Bangka Belitung Islands

TL;DR

World's second-largest tin producer (23.5% of global output); Oct 2025 crackdown seized illegal mines worth $362-422M—80% of output was informal.

province in Indonesia

Tin mining on Bangka may date to the 7th century; by the 18th century, Chinese migrants worked Dutch-controlled deposits under a 1722 treaty with the Palembang Sultanate. Today these two islands off eastern Sumatra produce 23.5% of global tin output—nearly one-fifth of worldwide supply—making Indonesia the world's second-largest producer. Mining concessions cover over 1 million hectares, one-eighth of the province's land and sea area.

President Prabowo Subianto's October 2025 crackdown marked a turning point. Announcing the closure of 1,000 illegal mines, the government seized six smelters, 680 metric tonnes of refined tin, and 108 units of heavy equipment worth USD 362-422 million. Illegal operations may represent 80% of output; PT Timah, the state miner, reported a 32% drop in ore production in 2025's first half as shadow production crowded out legal extraction. Tin prices surged past $37,500/tonne as supply tightened.

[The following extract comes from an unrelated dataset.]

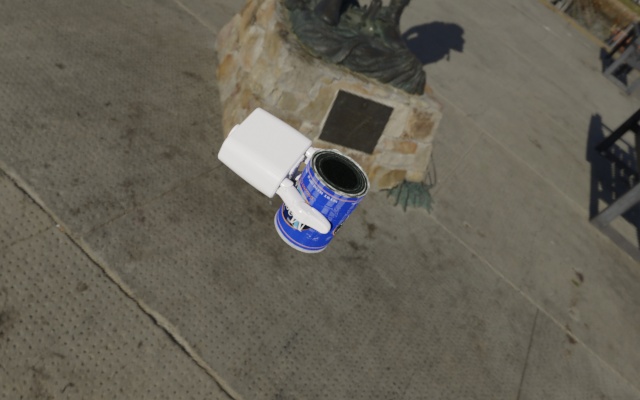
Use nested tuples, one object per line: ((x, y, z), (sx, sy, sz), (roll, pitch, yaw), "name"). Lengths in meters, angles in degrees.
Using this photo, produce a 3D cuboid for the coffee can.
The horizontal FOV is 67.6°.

The environmental toll is documented: 240,000 hectares of mangrove forest damaged, 5,000 hectares of coral reef destroyed. Between 2019 and 2023, 81 miners died in accidents; 13 children drowned in abandoned mining pits. By 2026, whether the crackdown consolidates state control or simply shifts illegal activity determines both global tin supply chains and the province's ecological future.